Sem notar, eu estava boquiaberta, meus olhos o fitavam e brilhavam como uma menina boba, me senti com 14 anos de novo.
— Tudo bem? — ele estranha.
— Sim. Digo... está tudo ótimo. — Minha voz sai suavemente de um jeito tímido.
É claro que aconteceu um clima entre nós ali, fitamos um ao outro por uns segundos até meu salvador atravessar a árvore na qual me escondi, ele fora arremessado fortemente e sua espada voou cortando o vento, fincando numa outra árvore mais atrás. Nós três viramos nossos olhos para o inimigo que levantou a espada apontando para mim, ele inclina o rosto com intenção de atacar.
— Shaw! — Erik diz, virando para o rapaz no chão. — Levante-se, temos que ir.
— Cuidado!
O Carniceiro surge num piscar de olhos disferindo um golpe. Erik, com seus reflexos incríveis reagiu e me empurrou para longe da área do corte. Caio do chão gemendo, quase desloco meu ombro com a forte queda, meu braço esquerdo começa a tremer, adormecendo. Merovak se aproxima, minha expressão de medo extremo o motivou ainda mais, saber que eu estou por um triz é o seu combustível e é o que ele queria, me amedrontar, quase como se isto fosse diversão para ele ou um passatempo doentio que ele aprendeu a tirar proveito de como torturar suas vítimas psicologicamente até o sangue delas ser derramado.
— S-sai de perto! O-o-ou eu acabo com você... — minha falsa ameaça não engava nem mesmo um esquilo.

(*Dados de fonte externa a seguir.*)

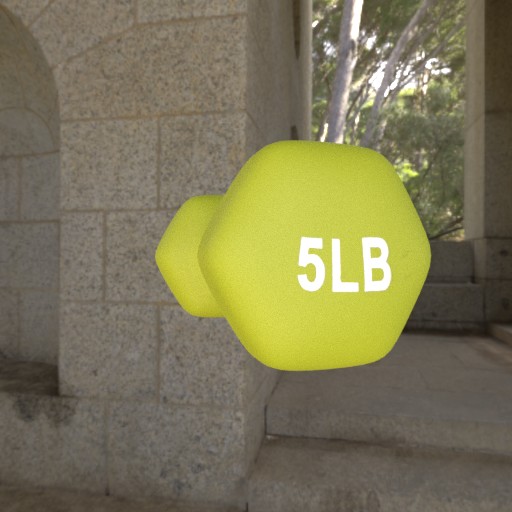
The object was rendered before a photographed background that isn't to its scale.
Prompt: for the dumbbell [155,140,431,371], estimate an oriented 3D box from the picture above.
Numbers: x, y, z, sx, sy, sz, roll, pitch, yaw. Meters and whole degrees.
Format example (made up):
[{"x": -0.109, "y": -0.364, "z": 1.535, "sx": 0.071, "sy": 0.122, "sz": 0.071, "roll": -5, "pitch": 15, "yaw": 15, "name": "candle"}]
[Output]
[{"x": 0.000, "y": 0.000, "z": 0.207, "sx": 0.080, "sy": 0.072, "sz": 0.164, "roll": 0, "pitch": 0, "yaw": -18, "name": "dumbbell"}]
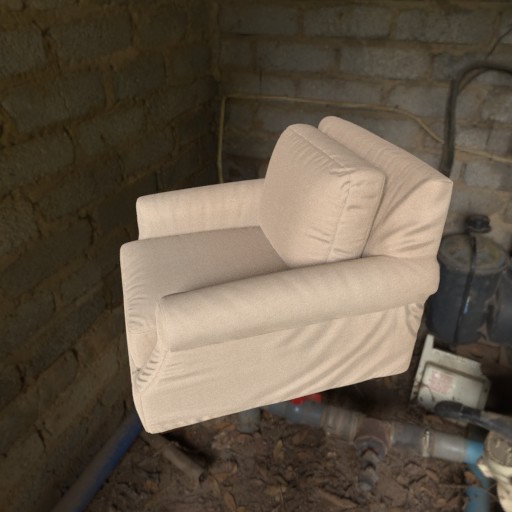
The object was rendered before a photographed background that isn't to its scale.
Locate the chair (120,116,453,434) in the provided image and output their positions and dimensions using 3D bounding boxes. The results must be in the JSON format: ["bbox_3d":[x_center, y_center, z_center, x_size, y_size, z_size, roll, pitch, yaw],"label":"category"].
[{"bbox_3d":[0.000,0.000,1.743,1.066,0.866,0.940,-9,33,-15],"label":"chair"}]
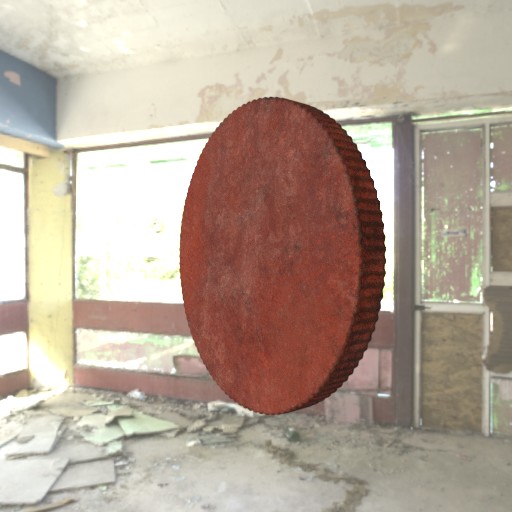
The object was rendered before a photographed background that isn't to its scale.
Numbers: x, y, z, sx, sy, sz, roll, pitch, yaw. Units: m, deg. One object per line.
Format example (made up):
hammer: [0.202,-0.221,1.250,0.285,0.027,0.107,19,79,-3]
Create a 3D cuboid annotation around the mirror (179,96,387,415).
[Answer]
mirror: [0.000,0.000,0.897,0.056,0.609,0.609,0,0,-35]
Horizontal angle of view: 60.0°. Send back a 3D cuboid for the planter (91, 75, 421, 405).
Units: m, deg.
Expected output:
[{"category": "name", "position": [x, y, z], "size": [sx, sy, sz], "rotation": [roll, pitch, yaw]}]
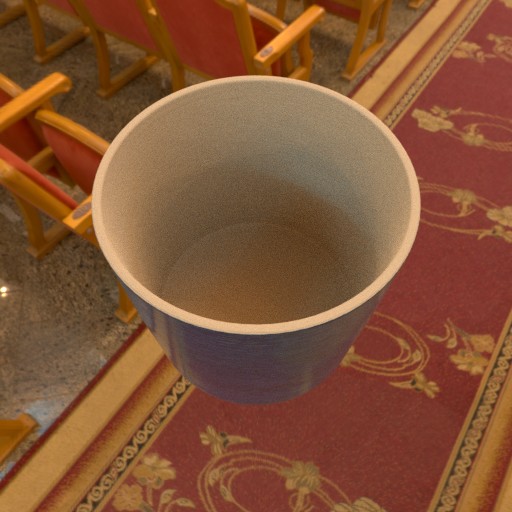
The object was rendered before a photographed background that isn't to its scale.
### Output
[{"category": "planter", "position": [0.000, 0.000, 0.389], "size": [0.221, 0.201, 0.221], "rotation": [0, 59, 0]}]
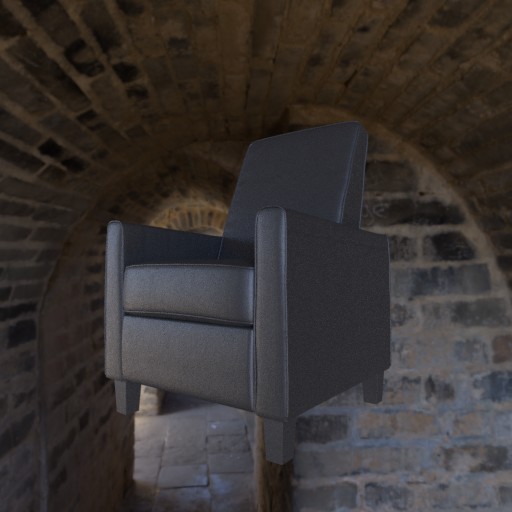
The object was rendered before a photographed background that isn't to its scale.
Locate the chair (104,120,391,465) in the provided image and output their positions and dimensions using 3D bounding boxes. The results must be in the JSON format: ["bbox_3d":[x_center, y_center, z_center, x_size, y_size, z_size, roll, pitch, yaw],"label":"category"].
[{"bbox_3d":[0.000,0.000,1.514,0.705,1.013,0.746,-1,-1,37],"label":"chair"}]
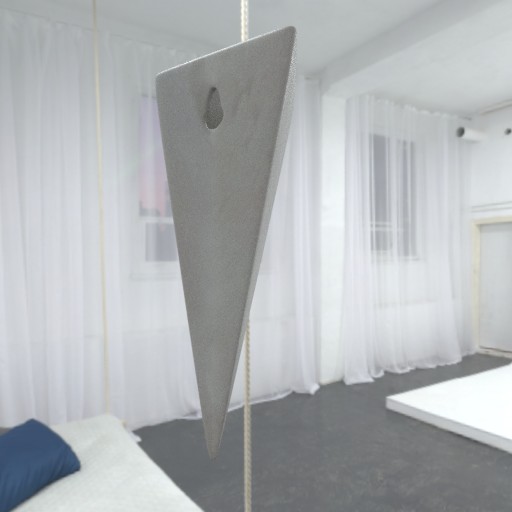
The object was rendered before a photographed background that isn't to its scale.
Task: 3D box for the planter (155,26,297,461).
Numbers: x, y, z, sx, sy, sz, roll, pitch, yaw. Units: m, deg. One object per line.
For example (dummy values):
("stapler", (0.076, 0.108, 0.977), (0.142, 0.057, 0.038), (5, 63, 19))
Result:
("planter", (0.000, 0.000, 0.159), (0.058, 0.130, 0.047), (0, 0, 37))

Minhas pernas não conseguiam me afastar mais rápido que seus passos, imponentes, pesados e sem pressa alguma, pois, ele sabia que eu não conseguiria fugir a tempo. E ele tem razão. Ele ergue, mais uma vez, sua espada para mim juntando as mãos.
“É meu fim.”, pensei.
Antes que suas mãos se encontrassem, duas outras mãos a impedem de prosseguir com seu objetivo. Esticadas como um elástico impedindo Merovak, Erik me salvando mais uma vez. Shaw, meu salvador, pula pelas costas do Carniceiro que perde o equilíbrio e cambaleia para trás, isto dá brecha para Temporizador me puxar para fora do perigo. Enquanto corre, me põe nas suas costas e me leva como um filhote para longe, minhas mãos agem sozinhas e rodeiam seu pescoço e se seguram.
— Temos que levá-la para longe! Segure-se.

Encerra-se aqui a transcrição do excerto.